Question 2: Profile System
The setup uses different requirement profiles (core, stats, ml, dev). What advantages does this provide over a single requirements.txt file?
Question 3: Virtual Environments
Why is it important that each team member uses a virtual environment rather than installing packages globally?

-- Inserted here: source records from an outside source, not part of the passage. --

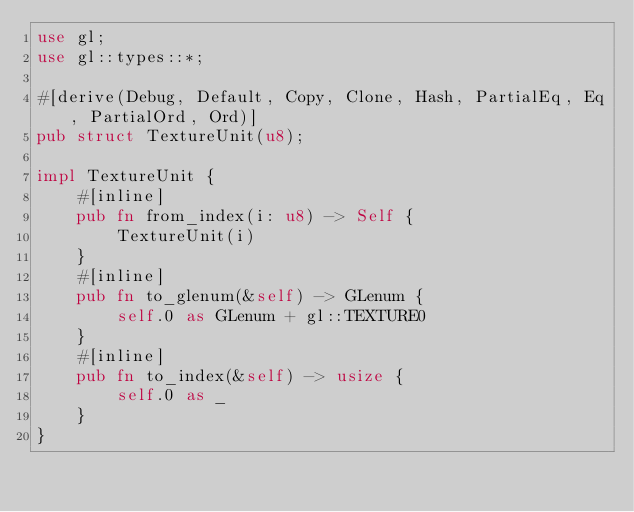Convert code to text. <code><loc_0><loc_0><loc_500><loc_500><_Rust_>use gl;
use gl::types::*;

#[derive(Debug, Default, Copy, Clone, Hash, PartialEq, Eq, PartialOrd, Ord)]
pub struct TextureUnit(u8);

impl TextureUnit {
    #[inline]
    pub fn from_index(i: u8) -> Self {
        TextureUnit(i)
    }
    #[inline]
    pub fn to_glenum(&self) -> GLenum {
        self.0 as GLenum + gl::TEXTURE0
    }
    #[inline]
    pub fn to_index(&self) -> usize {
        self.0 as _
    }
}


</code> 
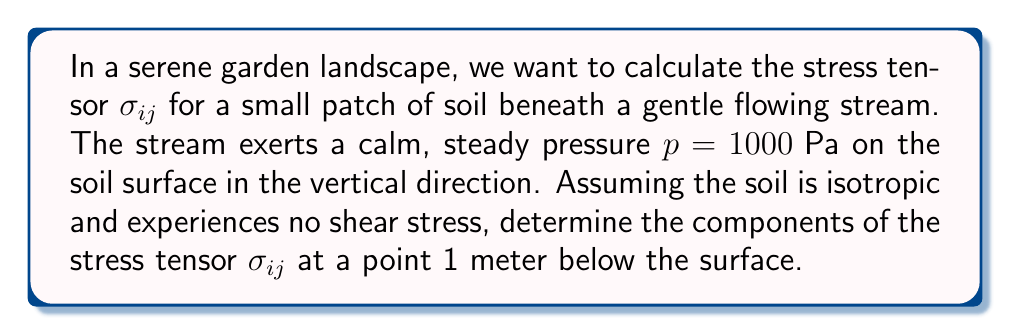Teach me how to tackle this problem. Let's approach this step-by-step:

1) In a peaceful garden setting, we can assume the stress is primarily due to the gentle pressure of the stream and the weight of the soil above our point of interest.

2) For an isotropic material with no shear stress, the stress tensor will be diagonal:

   $$\sigma_{ij} = \begin{pmatrix}
   \sigma_{xx} & 0 & 0 \\
   0 & \sigma_{yy} & 0 \\
   0 & 0 & \sigma_{zz}
   \end{pmatrix}$$

3) Let's define the z-axis as pointing downward. The vertical stress $\sigma_{zz}$ at 1 meter depth will be:
   
   $$\sigma_{zz} = p + \rho g h$$

   Where $p$ is the surface pressure, $\rho$ is the density of soil, $g$ is the acceleration due to gravity, and $h$ is the depth.

4) We're given $p = 1000 \text{ Pa}$. Let's assume a typical soil density of $\rho = 1600 \text{ kg/m}^3$, $g = 9.81 \text{ m/s}^2$, and $h = 1 \text{ m}$.

5) Calculating $\sigma_{zz}$:
   
   $$\sigma_{zz} = 1000 + (1600)(9.81)(1) = 16696 \text{ Pa}$$

6) For the horizontal stresses, we can use the at-rest earth pressure coefficient $K_0$, typically around 0.5 for most soils:

   $$\sigma_{xx} = \sigma_{yy} = K_0 \sigma_{zz} = 0.5 (16696) = 8348 \text{ Pa}$$

7) Therefore, our stress tensor is:

   $$\sigma_{ij} = \begin{pmatrix}
   8348 & 0 & 0 \\
   0 & 8348 & 0 \\
   0 & 0 & 16696
   \end{pmatrix} \text{ Pa}$$
Answer: $$\sigma_{ij} = \begin{pmatrix}
8348 & 0 & 0 \\
0 & 8348 & 0 \\
0 & 0 & 16696
\end{pmatrix} \text{ Pa}$$ 
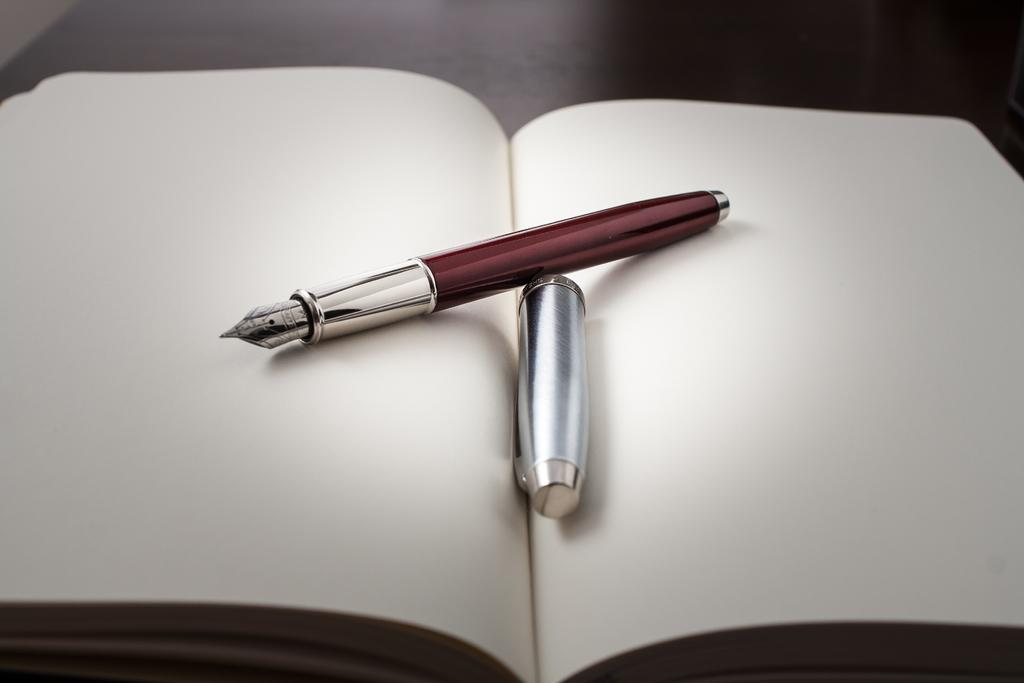What object is placed on the table in the image? There is a book on the table. What is placed on top of the book? There is a pen on the book on the book. Is there any other object on the book? Yes, there is a cap on the book. What type of beast can be seen roaming around in the image? There is no beast present in the image; it only features a book, a pen, and a cap. 
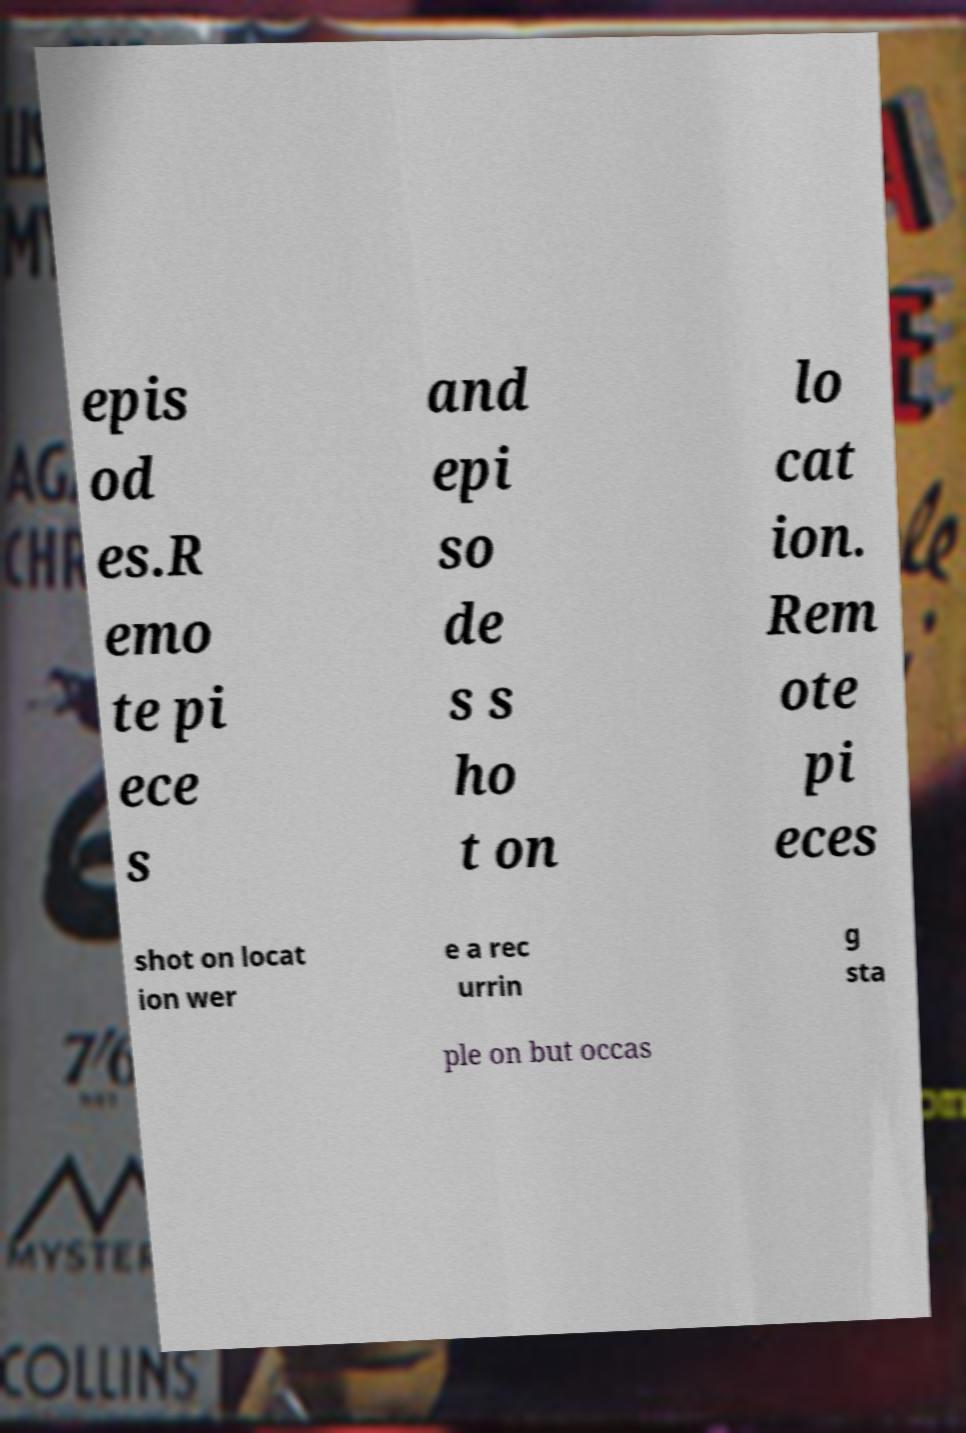Could you extract and type out the text from this image? epis od es.R emo te pi ece s and epi so de s s ho t on lo cat ion. Rem ote pi eces shot on locat ion wer e a rec urrin g sta ple on but occas 
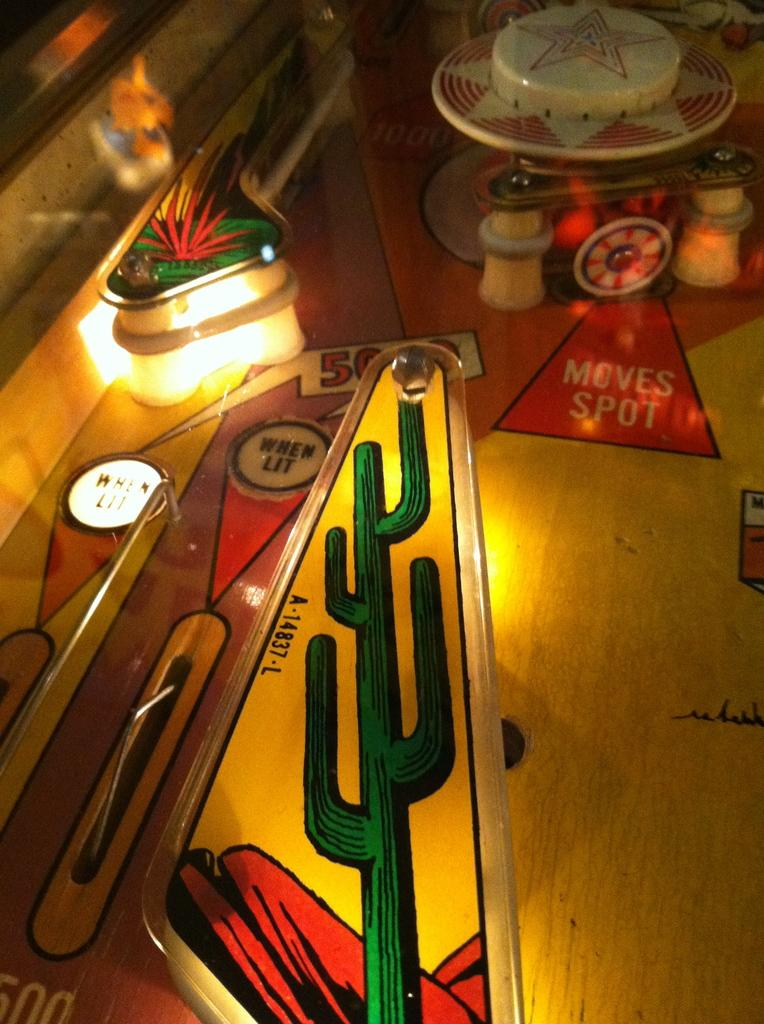What is the main object in the image? There is a gaming instrument in the image. What material is the gaming instrument made of? The gaming instrument is made of wood. What type of vacation is being planned with the gaming instrument in the image? There is no indication of a vacation or any planning in the image; it only features a wooden gaming instrument.

Question 4: Reproducibility
What additional steps could be taken to ensure that an analysis run today can be exactly reproduced in five years?
Question 5: Security
The .gitignore file excludes credentials and .env files. What other security considerations should an analytics team address?
Deliverables
By completing this case study, you should produce:
- Setup Script: Functional
setup_environment.py - Requirements Files: Tiered requirements files for different use cases
- Project Structure: Complete directory structure with placeholder files
- Documentation: README.md and onboarding notebook
- Tests: Environment verification test suite
Key Takeaways
- Standardization reduces friction - A consistent setup process helps new team members become productive quickly
- Tiered requirements support diverse workflows without bloating everyone's environment
- Virtual environments isolate dependencies and ensure reproducibility
- Documentation is crucial - Good README and onboarding materials save hours of confusion
- Automated setup reduces human error and ensures consistency
This case study demonstrates how proper environment management enables effective team collaboration in basketball analytics.